## Aim of the exercise:
Filter the entries for the word "name". Copy each line in which it occurs.

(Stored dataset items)
========================

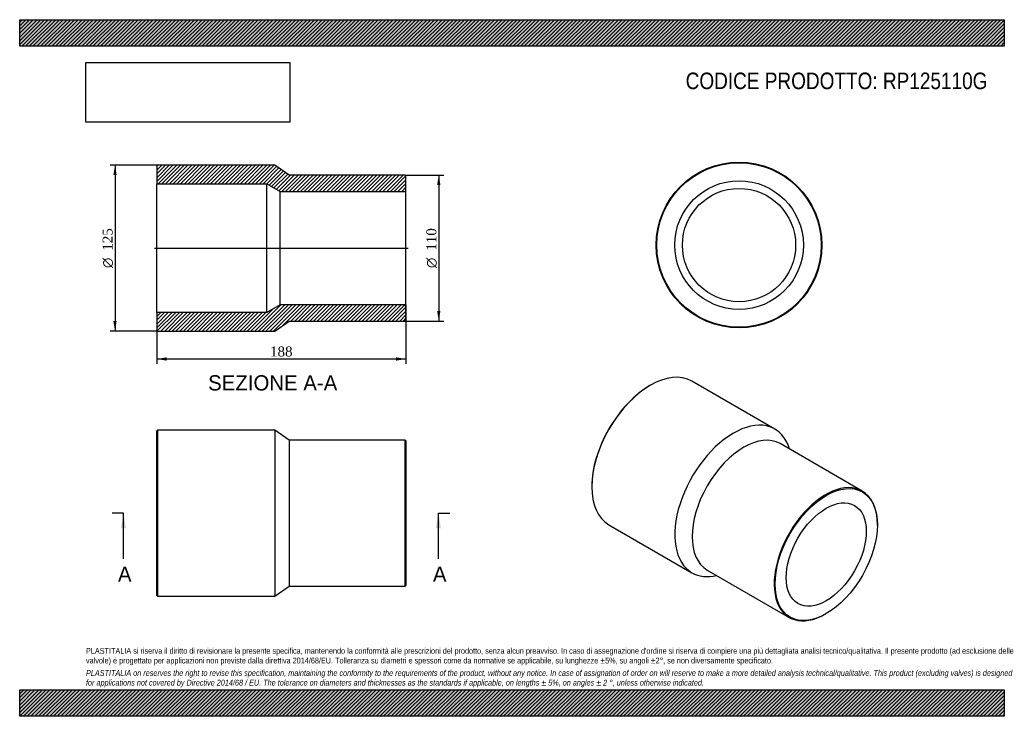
# Model space of a CAD drawing. Header units: millimetres. Extents: x 0 to 742, y 0 to 525.
import ezdxf
from ezdxf.enums import TextEntityAlignment as Align
from ezdxf.lldxf.tags import DXFTag

# ---------------------------------------------------------------- set-up
doc = ezdxf.new("R2010")
doc.units = ezdxf.units.MM
doc.header["$LTSCALE"] = 2.5
for name, color, linetype in [('Default', 7, 'Continuous'), ('DV4_Default', 7, 'Continuous'), ('RP125110G', 7, 'Continuous')]:
    doc.layers.add(name, color=color, linetype=linetype)
doc.styles.add('SEACAD_Solid_Edge_ANSI', font='seans.ttf')
doc.styles.add('SEACAD_Solid_Edge_ANSI1_Symbols', font='semeca1.ttf')
doc.styles.add('SEACAD_Times_New_Roman', font='times.ttf')
tags = doc.linetypes.add('CENTER2', pattern=[28.575, 19.05, -3.175, 3.175, -3.175]).pattern_tags.tags
tags[10:11] = [DXFTag(74, 4), DXFTag(75, 0), DXFTag(340, '0'), DXFTag(46, 0.0), DXFTag(50, 0.0), DXFTag(44, 0.0), DXFTag(45, 0.0)]
tags[8:9] = [DXFTag(74, 4), DXFTag(75, 0), DXFTag(340, '0'), DXFTag(46, 0.0), DXFTag(50, 0.0), DXFTag(44, 0.0), DXFTag(45, 0.0)]
tags[6:7] = [DXFTag(74, 4), DXFTag(75, 0), DXFTag(340, '0'), DXFTag(46, 0.0), DXFTag(50, 0.0), DXFTag(44, 0.0), DXFTag(45, 0.0)]
tags[4:5] = [DXFTag(74, 4), DXFTag(75, 0), DXFTag(340, '0'), DXFTag(46, 0.0), DXFTag(50, 0.0), DXFTag(44, 0.0), DXFTag(45, 0.0)]
doc.dimstyles.new('ANSImm', dxfattribs={"dimtxt": 7.5, "dimasz": 7.5, "dimexe": 3.75, "dimexo": 0, "dimgap": 1.875, "dimtad": 1, "dimdsep": 46, "dimtxsty": 'SEACAD_Times_New_Roman', "dimblk1": '_SE_FILLED', "dimblk2": '_SE_FILLED', "dimsah": 1, "dimcen": 3.75, "dimazin": 0, "dimtfac": 0.85, "dimtdec": 3, "dimtofl": 0, "dimtmove": 0, "dimatfit": 3, "dimfxl": 1, "dimarcsym": 0})
picture_1 = doc.add_image_def('image1.jpg', size_in_pixel=(4302, 1260))

# ---------------------------------------------------------------- blocks, each defined once
blk = doc.blocks.new('SE')
at = {"layer": 'RP125110G', "color": 7, "linetype": 'Continuous'}
for p, q in [((103.8, 215.63), (103.3, 215.13)), ((103.8, 215.63), (103.8, 90.63)), ((192.3, 215.63), (103.8, 215.63)), ((192.3, 215.63), (192.3, 90.63)), ((203.3, 208.13), (192.3, 215.63)), ((103.3, 91.13), (103.3, 215.13)), ((203.3, 208.13), (203.3, 98.13)), ((290.8, 208.13), (203.3, 208.13)), ((290.8, 98.13), (290.8, 208.13)), ((291.3, 207.63), (290.8, 208.13)), ((291.3, 207.63), (291.3, 98.63)), ((192.3, 90.63), (203.3, 98.13)), ((203.3, 98.13), (290.8, 98.13)), ((290.8, 98.13), (291.3, 98.63)), ((103.3, 91.13), (103.8, 90.63)), ((103.8, 90.63), (192.3, 90.63))]:
    blk.add_line(p, q, dxfattribs=at)
blk = doc.blocks.new('SE1')
at = {"layer": 'RP125110G', "color": 7, "linetype": 'Continuous'}
for p, q in [((569.46, 216.47), (506.88, 252.6)), ((475.63, 249.5), (475.28, 249.3)), ((635.36, 169.76), (573.49, 205.48)), ((431.44, 173.36), (431.44, 172.96)), ((444.38, 144.35), (506.96, 108.22)), ((646.75, 144.17), (646.75, 144.58)), ((518.49, 110.22), (580.36, 74.5)), ((607.86, 77.22), (608.22, 77.43))]:
    blk.add_line(p, q, dxfattribs=at)
for centre, major_axis, start_param, end_param in [((475.63, 198.47), (-31.25, -54.13), 3.141593, 6.283185), ((475.28, 198.68), (31, 53.69), 0.785398, 2.356195), ((538.21, 162.34), (-31.25, -54.13), 2.646659, 6.283185), ((545.99, 157.85), (-27.5, -47.63), 3.141593, 6.283185), ((607.86, 122.13), (27.5, 47.63), 0, 3.926991), ((607.86, 122.13), (27.5, 47.63), 5.497787, 6.283185), ((538.21, 162.34), (-31.25, -54.13), 0, 0.494934)]:
    blk.add_ellipse(centre, major_axis=major_axis, ratio=0.57735, start_param=start_param, end_param=end_param, dxfattribs=at)
for major_axis in [(-27.25, -47.2), (-21.35, -36.98)]:
    blk.add_ellipse((608.22, 121.93), major_axis=major_axis, ratio=0.57735, dxfattribs=at)
blk = doc.blocks.new('SE2')
at = {"layer": 'RP125110G', "color": 7, "linetype": 'Continuous'}
for radius in [62.5, 62, 48.5, 42.7]:
    blk.add_circle((542.46, 355.16), radius, dxfattribs=at)
blk = doc.blocks.new('SE4')
at = {"color": 7, "linetype": 'Continuous', "style": 'SEACAD_Solid_Edge_ANSI'}
blk.add_text('A', height=11.5, dxfattribs=at).set_placement((74.11, 112.88), align=Align.TOP_LEFT)
blk = doc.blocks.new('SE5')
at = {"color": 7, "linetype": 'Continuous', "style": 'SEACAD_Solid_Edge_ANSI'}
blk.add_text('A', height=11.5, dxfattribs=at).set_placement((311.61, 112.88), align=Align.TOP_LEFT)
blk = doc.blocks.new('SEANNOT_GROUP')
at = {"linetype": 'Continuous'}
blk.add_hatch(color=7, dxfattribs=at).paths.add_polyline_path([(80.17, 141.63), (78.26, 153.13), (76.34, 141.63)])
at = {"color": 7, "linetype": 'Continuous'}
blk.add_lwpolyline([(78.26, 118.63), (78.26, 153.13)], dxfattribs=at)
blk = doc.blocks.new('SEANNOT_GROUP1')
at = {"linetype": 'Continuous'}
blk.add_hatch(color=7, dxfattribs=at).paths.add_polyline_path([(317.67, 141.63), (315.76, 153.13), (313.84, 141.63)])
at = {"color": 7, "linetype": 'Continuous'}
blk.add_lwpolyline([(315.76, 118.63), (315.76, 153.13)], dxfattribs=at)
blk = doc.blocks.new('SE3')
at = {"layer": 'Default', "color": 7, "linetype": 'CENTER2'}
for p, q in [((78.26, 153.13), (69.63, 153.13)), ((315.76, 153.13), (324.38, 153.13))]:
    blk.add_line(p, q, dxfattribs=at)
at = {"layer": 'Default', "color": 7, "linetype": 'CENTER2', "const_width": 0.0001}
blk.add_lwpolyline([(78.26, 153.13), (315.76, 153.13)], dxfattribs=at)
at = {"layer": 'Default'}
for name in ['SEANNOT_GROUP', 'SEANNOT_GROUP1', 'SE4', 'SE5']:
    blk.add_blockref(name, (0, 0), dxfattribs=at)
blk = doc.blocks.new('SE6')
at = {"layer": 'RP125110G', "linetype": 'Continuous'}
h = blk.add_hatch(dxfattribs=at)
h.set_pattern_fill('LINE', scale=0.62992, angle=45, style=0)
h.paths.add_polyline_path([(203.3, 407.88), (192.3, 415.38), (103.8, 415.38), (103.3, 414.88), (103.3, 401.38), (186.3, 401.38), (196.3, 395.58), (291.3, 395.58), (291.3, 407.38), (290.8, 407.88)])
h = blk.add_hatch(dxfattribs=at)
h.set_pattern_fill('LINE', scale=0.62992, angle=45, style=0)
h.paths.add_polyline_path([(192.3, 290.38), (203.3, 297.88), (290.8, 297.88), (291.3, 298.38), (291.3, 310.18), (196.3, 310.18), (186.3, 304.38), (103.3, 304.38), (103.3, 290.88), (103.8, 290.38)])
at = {"layer": 'DV4_Default', "color": 7, "linetype": 'CENTER2'}
blk.add_line((101.55, 352.88), (293.05, 352.88), dxfattribs=at)
at = {"layer": 'RP125110G', "color": 7, "linetype": 'Continuous'}
for p, q in [((103.3, 414.88), (103.8, 415.38)), ((103.3, 414.88), (103.3, 401.38)), ((192.3, 415.38), (103.8, 415.38)), ((203.3, 407.88), (192.3, 415.38)), ((103.3, 304.38), (103.3, 401.38)), ((103.3, 401.38), (186.3, 401.38)), ((186.3, 304.38), (186.3, 401.38)), ((186.3, 401.38), (196.3, 395.58)), ((290.8, 407.88), (203.3, 407.88)), ((290.8, 407.88), (291.3, 407.38)), ((291.3, 395.58), (291.3, 407.38)), ((196.3, 310.18), (196.3, 395.58)), ((196.3, 395.58), (291.3, 395.58)), ((291.3, 310.18), (291.3, 395.58)), ((196.3, 310.18), (186.3, 304.38)), ((291.3, 310.18), (196.3, 310.18)), ((291.3, 298.38), (291.3, 310.18)), ((186.3, 304.38), (103.3, 304.38)), ((103.3, 304.38), (103.3, 290.88)), ((192.3, 290.38), (203.3, 297.88)), ((203.3, 297.88), (290.8, 297.88)), ((291.3, 298.38), (290.8, 297.88)), ((103.8, 290.38), (103.3, 290.88)), ((103.8, 290.38), (192.3, 290.38))]:
    blk.add_line(p, q, dxfattribs=at)
blk = doc.blocks.new('GDimGGroup')
at = {"layer": 'Default', "linetype": 'Continuous'}
for points in [[(317.29, 400.38), (316.04, 407.88), (314.79, 400.38)], [(317.29, 305.38), (314.79, 305.38), (316.04, 297.88)]]:
    blk.add_hatch(color=7, dxfattribs=at).paths.add_polyline_path(points)
at = {"layer": 'Default', "color": 7, "linetype": 'Continuous'}
for p, q in [((290.8, 407.88), (319.79, 407.88)), ((316.04, 407.88), (316.04, 297.88)), ((290.8, 297.88), (319.79, 297.88))]:
    blk.add_line(p, q, dxfattribs=at)
for s, style, p in [('110', 'SEACAD_Times_New_Roman', (306.67, 350.88)), ('O', 'SEACAD_Solid_Edge_ANSI1_Symbols', (306.67, 337.82))]:
    blk.add_text(s, height=7.5, rotation=90, dxfattribs=dict(at, style=style)).set_placement(p, align=Align.TOP_LEFT)
blk = doc.blocks.new('GDimGGroup1')
at = {"layer": 'Default', "linetype": 'Continuous'}
for points in [[(70.63, 407.88), (73.13, 407.88), (71.88, 415.38)], [(70.63, 297.88), (71.88, 290.38), (73.13, 297.88)]]:
    blk.add_hatch(color=7, dxfattribs=at).paths.add_polyline_path(points)
at = {"layer": 'Default', "color": 7, "linetype": 'Continuous'}
for p, q in [((103.8, 415.38), (68.13, 415.38)), ((71.88, 415.38), (71.88, 290.38)), ((103.8, 290.38), (68.13, 290.38))]:
    blk.add_line(p, q, dxfattribs=at)
for s, style, p in [('125', 'SEACAD_Times_New_Roman', (62.51, 350.88)), ('O', 'SEACAD_Solid_Edge_ANSI1_Symbols', (62.51, 337.82))]:
    blk.add_text(s, height=7.5, rotation=90, dxfattribs=dict(at, style=style)).set_placement(p, align=Align.TOP_LEFT)
blk = doc.blocks.new('DMBLK154')
at = {"layer": 'Default', "linetype": 'Continuous'}
for points in [[(110.8, 268.05), (110.8, 270.55), (103.3, 269.3)], [(283.8, 268.05), (291.3, 269.3), (283.8, 270.55)]]:
    blk.add_hatch(color=7, dxfattribs=at).paths.add_polyline_path(points)
at = {"layer": 'Default', "color": 7, "linetype": 'Continuous'}
for p, q in [((291.3, 310.18), (291.3, 265.55)), ((103.3, 304.38), (103.3, 265.55)), ((103.3, 269.3), (291.3, 269.3))]:
    blk.add_line(p, q, dxfattribs=at)
at = {"layer": 'Default', "color": 7, "linetype": 'Continuous', "style": 'SEACAD_Times_New_Roman'}
blk.add_text('188', height=7.5, dxfattribs=at).set_placement((188.77, 278.68), align=Align.TOP_LEFT)
blk = doc.blocks.new('_SE_FILLED')
at = {"color": 0}
blk.add_line((0, 0), (-1, 0), dxfattribs=at)
blk.add_solid([(0, 0), (-1, -0.1665), (-1, 0.1665), (0, 0)], dxfattribs=at)

msp = doc.modelspace()

# ---------------------------------------------------------------- hatches: boundary and pattern name
at = {"layer": 'Default', "linetype": 'Continuous'}
h = msp.add_hatch(dxfattribs=at)
h.set_pattern_fill('LINE', scale=0.62992, angle=45, style=0)
h.paths.add_polyline_path([(742.5, 505), (742.5, 525), (0, 525), (0, 505)])
for points in [[(742.5, 505), (742.5, 525), (0, 525), (0, 505)], [(742.5, 0), (742.5, 20), (0, 20), (0, 0)]]:
    msp.add_hatch(color=7, dxfattribs=at).paths.add_polyline_path(points)
h = msp.add_hatch(dxfattribs=at)
h.set_pattern_fill('LINE', scale=0.62992, angle=45, style=0)
h.paths.add_polyline_path([(742.5, 0), (742.5, 20), (0, 20), (0, 0)])

# ---------------------------------------------------------------- linework, layer by layer
at = {"layer": 'Default', "color": 7, "linetype": 'Continuous'}
for p, q in [((0, 525), (742.5, 525)), ((0, 505), (0, 525)), ((742.5, 525), (742.5, 505)), ((742.5, 505), (0, 505)), ((0, 20), (742.5, 20)), ((0, 0), (0, 20)), ((742.5, 20), (742.5, 0)), ((742.5, 0), (0, 0))]:
    msp.add_line(p, q, dxfattribs=at)

# ---------------------------------------------------------------- block references
at = {"layer": 'Default'}
for name in ['SE2', 'GDimGGroup1', 'SE6', 'GDimGGroup', 'SE1', 'SE', 'SE3']:
    msp.add_blockref(name, (0, 0), dxfattribs=at)

# ---------------------------------------------------------------- texts
at = {"layer": 'Default', "color": 7, "linetype": 'Continuous', "style": 'SEACAD_Solid_Edge_ANSI'}
msp.add_text('SEZIONE A-A', height=11.5, dxfattribs=at).set_placement((142.107, 257.053), align=Align.TOP_LEFT)
at = {"layer": 'Default', "attachment_point": 1}
for s, insert, char_height, width in [('{\\fArial Narrow|b0||i0||c0|p34;\\C7;\\H12.5;\\W1.;CODICE PRODOTTO: RP125110G}', (502.222, 485.159), 12.5, 228.39775), ("{\\fArial Narrow|b0||i0||c0|p34;\\C7;\\H4.375;\\W1.;PLASTITALIA si riserva il diritto di revisionare la presente specifica, mantenendo la conformità alle prescrizioni del prodotto, senza alcun preavviso. In caso di assegnazione d'ordine si riserva di compiere una più dettagliata analisi tecnico/qualitativa. Il presente prodotto (ad esclusione delle \\P}{\\fArial Narrow|b0||i0||c0|p34;\\C7;\\H4.375;\\W1.;valvole) è progettato per applicazioni non previste dalla direttiva 2014/68/EU. Tolleranza su diametri e spessori come da normative se applicabile, su lunghezze ±5%, su angoli ±2°, se non diversamente specificato.\\P}{\\fArial Narrow|b0||i0||c0|p34;\\C7;\\H1.25;\\W1.;   \\P}{\\fArial Narrow|b0||i1||c0|p34;\\C7;\\H4.375;\\W1.;PLASTITALIA on reserves the right to revise this specification, maintaining the conformity to the requirements of the product, without any notice. In case of assignation of order on will reserve to make a more detailed analysis technical/qualitative. This product (excluding valves) is designed \\P}{\\fArial Narrow|b0||i1||c0|p34;\\C7;\\H4.375;\\W1.;for applications not covered by Directive 2014/68 / EU. The tolerance on diameters and thicknesses as the standards if applicable, on lengths ± 5%, on angles ± 2 °, unless otherwise indicated.\\P}", (50, 51.506), 4.375, 642.5)]:
    msp.add_mtext(s, dxfattribs=dict(at, insert=insert, char_height=char_height, width=width))

# ---------------------------------------------------------------- dimensions: what is measured, and where the dimension line sits
at = {"layer": 'Default', "color": 7, "linetype": 'Continuous'}
dim = msp.add_linear_dim(base=(291.298, 269.303), p1=(103.298, 304.381), p2=(291.298, 310.181), text='\\A1;<>', dimstyle='ANSImm', dxfattribs=at)
dim.commit()
dim.dimension.update_dxf_attribs({"geometry": 'DMBLK154', "text_midpoint": (197.298, 269.303), "dimtype": 160})

# ---------------------------------------------------------------- pictures from other files: only their frames are drawn
image = msp.add_image(picture_1, insert=(50, 447.758), size_in_units=(153.643, 45))
image.dxf.flags = 7

doc.saveas('drawing.dxf')

========================

## Written answer:
for name, color, linetype in [('Default', 7, 'Continuous'), ('DV4_Default', 7, 'Continuous'), ('RP125110G', 7, 'Continuous')]:
    doc.layers.add(name, color=color, linetype=linetype)
for name in ['SEANNOT_GROUP', 'SEANNOT_GROUP1', 'SE4', 'SE5']:
    blk.add_blockref(name, (0, 0), dxfattribs=at)
# ---------------------------------------------------------------- hatches: boundary and pattern name
for name in ['SE2', 'GDimGGroup1', 'SE6', 'GDimGGroup', 'SE1', 'SE', 'SE3']:
    msp.add_blockref(name, (0, 0), dxfattribs=at)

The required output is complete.